Вы впервые выставились в Салоне Независимых в 1909 году, показав две картины…

…в том числе маленький пейзаж с видом Сен-Клу, который купили за сто франков. Я был окрылен. Просто чудо, и без всякого «блата». Я даже не знаю, кто его купил. Другой подобный эпизод случился в Осеннем салоне 1910-го или 1911 года: я продал маленькую картину, этюд обнаженной натуры, Айседоре Дункан, с которой не был знаком. Позднее я пробовал разыскать эту картину и встретился с Айседорой в Соединенных Штатах, но она уже ничего толком не помнила — скорее всего, покупка предназначалась для подарка кому-то из ее друзей на Рождество. Словом, я не знаю, что сталось с этой картиной.


Что для вас значила в это время «жизнь художника»?

Тогда я еще не вел жизнь художника. Это началось только в 1910 году.


Но вы проявляли наклонность к живописи. Чего вы от нее ждали?

Представления не имею. У меня не было никакой программы, никаких четких планов. Я даже не задумывался о том, нужно мне продавать картины или не нужно. И теоретической почвы тоже не было. Вы понимаете, что я имею в виду? Я существовал немного в стиле монмартрской богемы, для которой жить, рисовать, быть художником было чем-то само собой разумеющимся и ничего особенного не значило. В какой-то степени так происходит и сейчас: занимаешься живописью просто потому, что хочешь быть свободным, не ходить в контору каждое утро.


Это своего рода отказ от социальной жизни?

Ну да.
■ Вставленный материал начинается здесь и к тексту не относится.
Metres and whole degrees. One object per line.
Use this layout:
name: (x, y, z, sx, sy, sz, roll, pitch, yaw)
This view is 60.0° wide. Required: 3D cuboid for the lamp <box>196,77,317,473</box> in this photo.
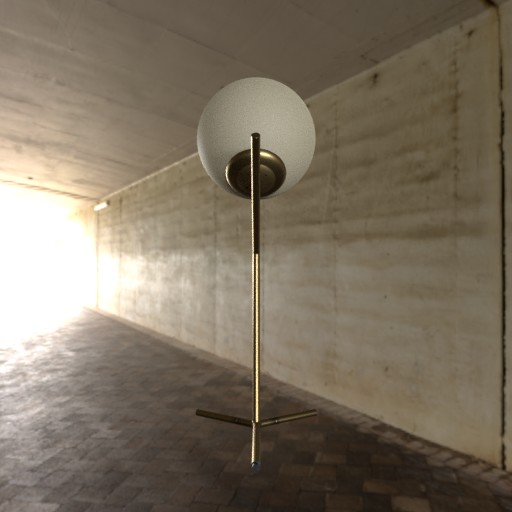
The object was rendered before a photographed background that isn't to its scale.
lamp: (0.000, 0.000, 0.667, 0.210, 0.552, 0.251, 0, -1, 0)
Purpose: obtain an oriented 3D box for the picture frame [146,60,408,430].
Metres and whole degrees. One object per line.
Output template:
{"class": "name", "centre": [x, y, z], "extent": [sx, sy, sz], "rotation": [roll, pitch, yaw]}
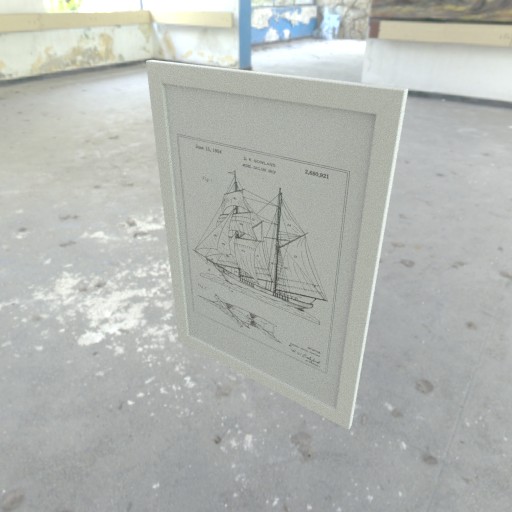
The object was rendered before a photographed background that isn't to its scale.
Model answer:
{"class": "picture frame", "centre": [0.000, 0.000, 0.689], "extent": [0.381, 0.534, 0.012], "rotation": [20, 36, 29]}
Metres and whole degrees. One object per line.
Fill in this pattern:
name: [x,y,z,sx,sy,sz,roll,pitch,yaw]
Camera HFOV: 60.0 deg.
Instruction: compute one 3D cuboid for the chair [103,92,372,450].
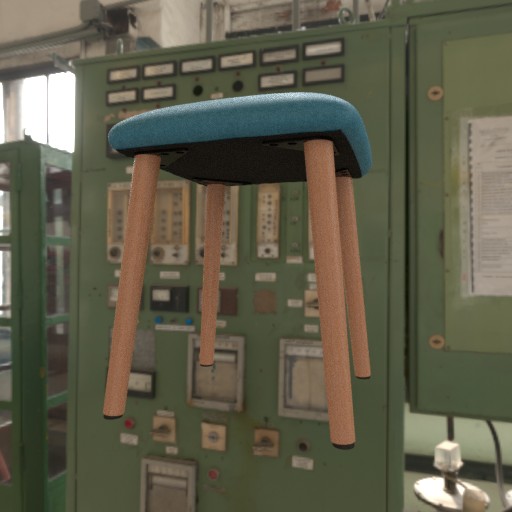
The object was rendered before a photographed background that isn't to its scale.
chair: [0.000,0.000,0.724,0.360,0.450,0.360,0,-1,18]
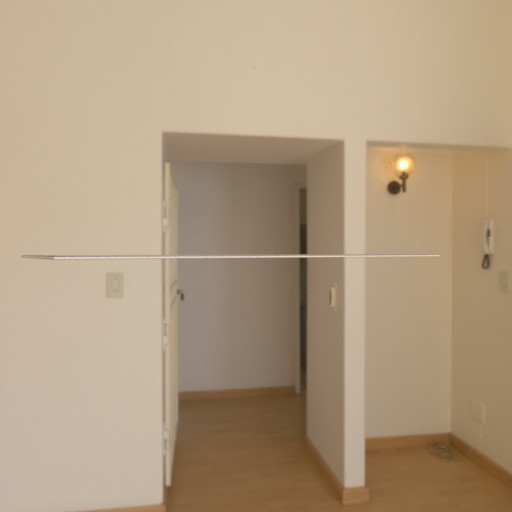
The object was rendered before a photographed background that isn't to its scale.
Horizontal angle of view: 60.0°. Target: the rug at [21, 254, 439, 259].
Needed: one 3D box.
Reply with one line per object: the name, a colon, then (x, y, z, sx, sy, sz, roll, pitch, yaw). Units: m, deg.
rug: (0.000, 0.000, 2.637, 2.388, 0.012, 0.864, 0, 0, -35)
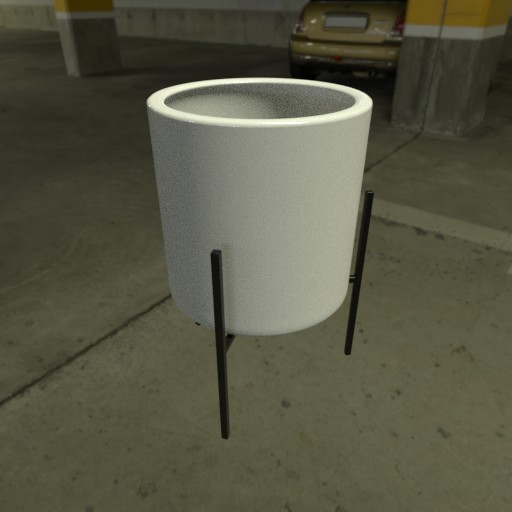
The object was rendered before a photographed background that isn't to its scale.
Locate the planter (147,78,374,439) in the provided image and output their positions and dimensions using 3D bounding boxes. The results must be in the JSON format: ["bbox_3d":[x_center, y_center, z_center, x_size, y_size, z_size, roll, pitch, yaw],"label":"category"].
[{"bbox_3d":[0.000,0.000,0.517,0.239,0.356,0.239,10,32,16],"label":"planter"}]
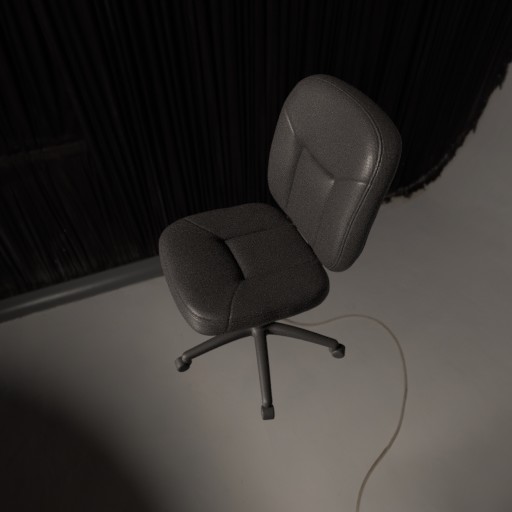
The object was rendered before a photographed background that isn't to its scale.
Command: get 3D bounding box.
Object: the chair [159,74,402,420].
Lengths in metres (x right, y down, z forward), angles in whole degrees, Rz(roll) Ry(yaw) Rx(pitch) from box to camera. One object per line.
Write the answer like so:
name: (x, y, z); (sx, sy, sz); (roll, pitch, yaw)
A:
chair: (0.000, 0.000, 1.397); (0.646, 0.959, 0.647); (-17, 49, -16)
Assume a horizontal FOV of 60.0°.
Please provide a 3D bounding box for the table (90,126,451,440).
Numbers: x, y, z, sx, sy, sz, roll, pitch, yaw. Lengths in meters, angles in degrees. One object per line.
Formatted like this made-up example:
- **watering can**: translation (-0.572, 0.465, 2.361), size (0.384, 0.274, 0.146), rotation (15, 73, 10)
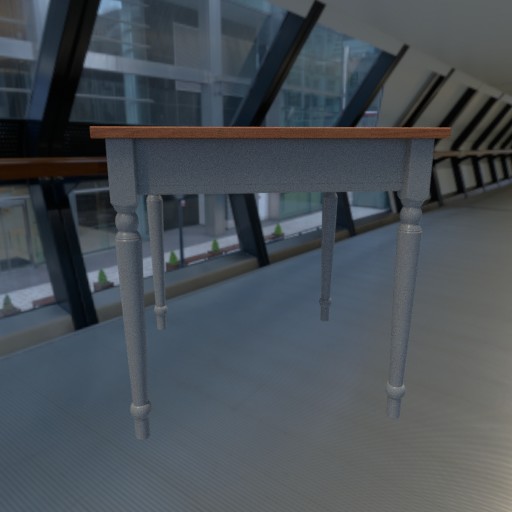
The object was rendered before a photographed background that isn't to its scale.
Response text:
- **table**: translation (0.000, 0.000, 1.355), size (0.747, 0.738, 0.747), rotation (-2, 15, -7)
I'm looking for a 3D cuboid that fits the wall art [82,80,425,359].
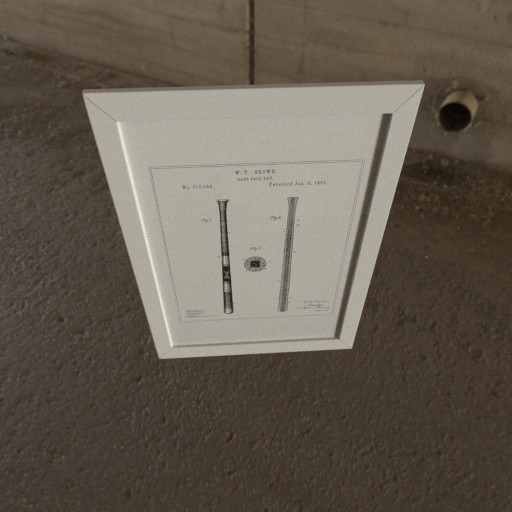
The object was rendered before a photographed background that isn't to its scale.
[{"bbox_3d":[0.000,0.000,0.674,0.374,0.529,0.012,-3,45,-3],"label":"wall art"}]
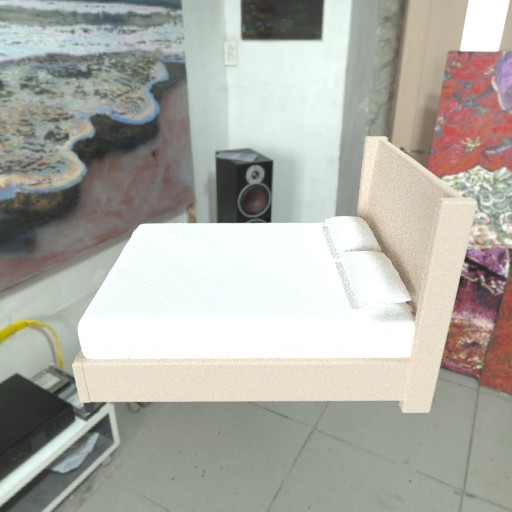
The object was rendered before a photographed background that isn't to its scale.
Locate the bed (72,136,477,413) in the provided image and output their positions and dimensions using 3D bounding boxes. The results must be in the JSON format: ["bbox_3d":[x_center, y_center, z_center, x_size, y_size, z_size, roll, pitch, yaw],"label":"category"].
[{"bbox_3d":[0.000,0.000,3.398,2.293,1.471,1.778,0,26,0],"label":"bed"}]
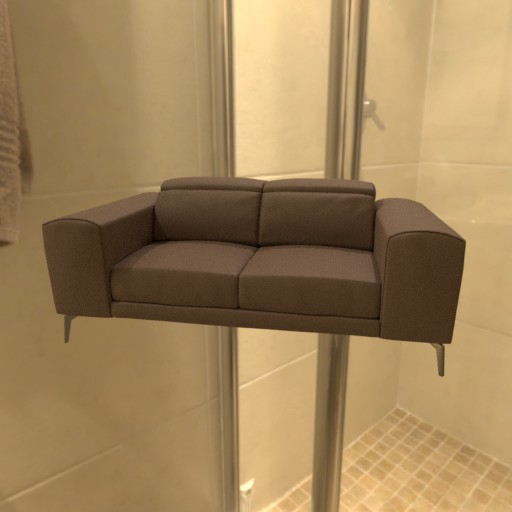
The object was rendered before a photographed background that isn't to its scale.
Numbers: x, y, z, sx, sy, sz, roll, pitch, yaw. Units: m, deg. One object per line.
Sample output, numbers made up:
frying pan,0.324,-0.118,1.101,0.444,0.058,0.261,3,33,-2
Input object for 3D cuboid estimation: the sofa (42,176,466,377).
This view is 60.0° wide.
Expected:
sofa,0.000,0.000,2.425,1.895,0.779,1.003,3,15,10
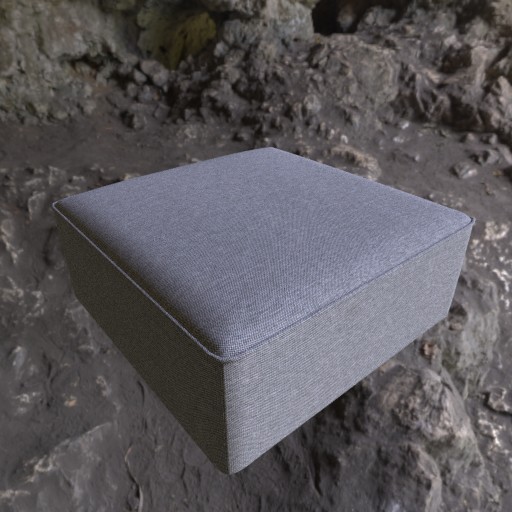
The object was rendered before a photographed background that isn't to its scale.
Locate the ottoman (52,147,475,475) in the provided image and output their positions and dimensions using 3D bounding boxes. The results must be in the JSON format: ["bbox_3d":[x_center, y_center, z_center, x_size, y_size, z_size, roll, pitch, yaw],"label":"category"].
[{"bbox_3d":[0.000,0.000,1.529,1.005,0.455,1.005,-23,38,-33],"label":"ottoman"}]

Но никакого плана на перспективу не было.


Вы не думали о завтрашнем дне?

Абсолютно.


1908 год, когда вы поселились в Нёйи, стал годом кубизма. Осенью, после выставки у Канвейлера пейзажей Брака, написанных в Эстаке, Луи Воксель впервые употребил это слово. За несколько месяцев до этого Пикассо закончил «Авиньонских девиц». Вы чувствовали во всем этом предвестие революции в искусстве?

Ничуть. «Девиц» никто из нас не видел, их показали только через несколько лет. Я заинтересовался кубизмом благодаря нескольким визитам в галерею Канвейлера на улице Виньона.


Это был, надо полагать, кубизм Брака.

Да. Я даже бывал у него в мастерской, но несколько позднее, где-то в 1910-м или в 1911-м.


А у Пикассо не бывали?

В это время нет.


Он не казался вам выдающимся художником?

Нисколько. Скорее, наоборот. Между Пикассо и Метценже шла, скажем так, интеллектуальная конкуренция. Когда кубизм начал приобретать вес в общественном мнении, говорили в основном о Метценже. Он объяснял кубизм, тогда как Пикассо никогда ничего не объяснял. Прошло несколько лет, прежде чем стало понятно, что молчать было полезнее, чем много говорить. Всё это, однако, не мешало Метценже относиться к Пикассо с большим пиететом. Не знаю, чего ему не хватило в дальнейшем, но в этот момент именно он, Метценже, был наиболее близок из всех кубистов к формуле синтеза. Но это не сработало. Почему? Загадка. А Пикассо был поднят на знамя позднее. Публике всегда нужно знамя: там может быть Пикассо, Эйнштейн или кто-то еще. В конечном счете полдела решает публика.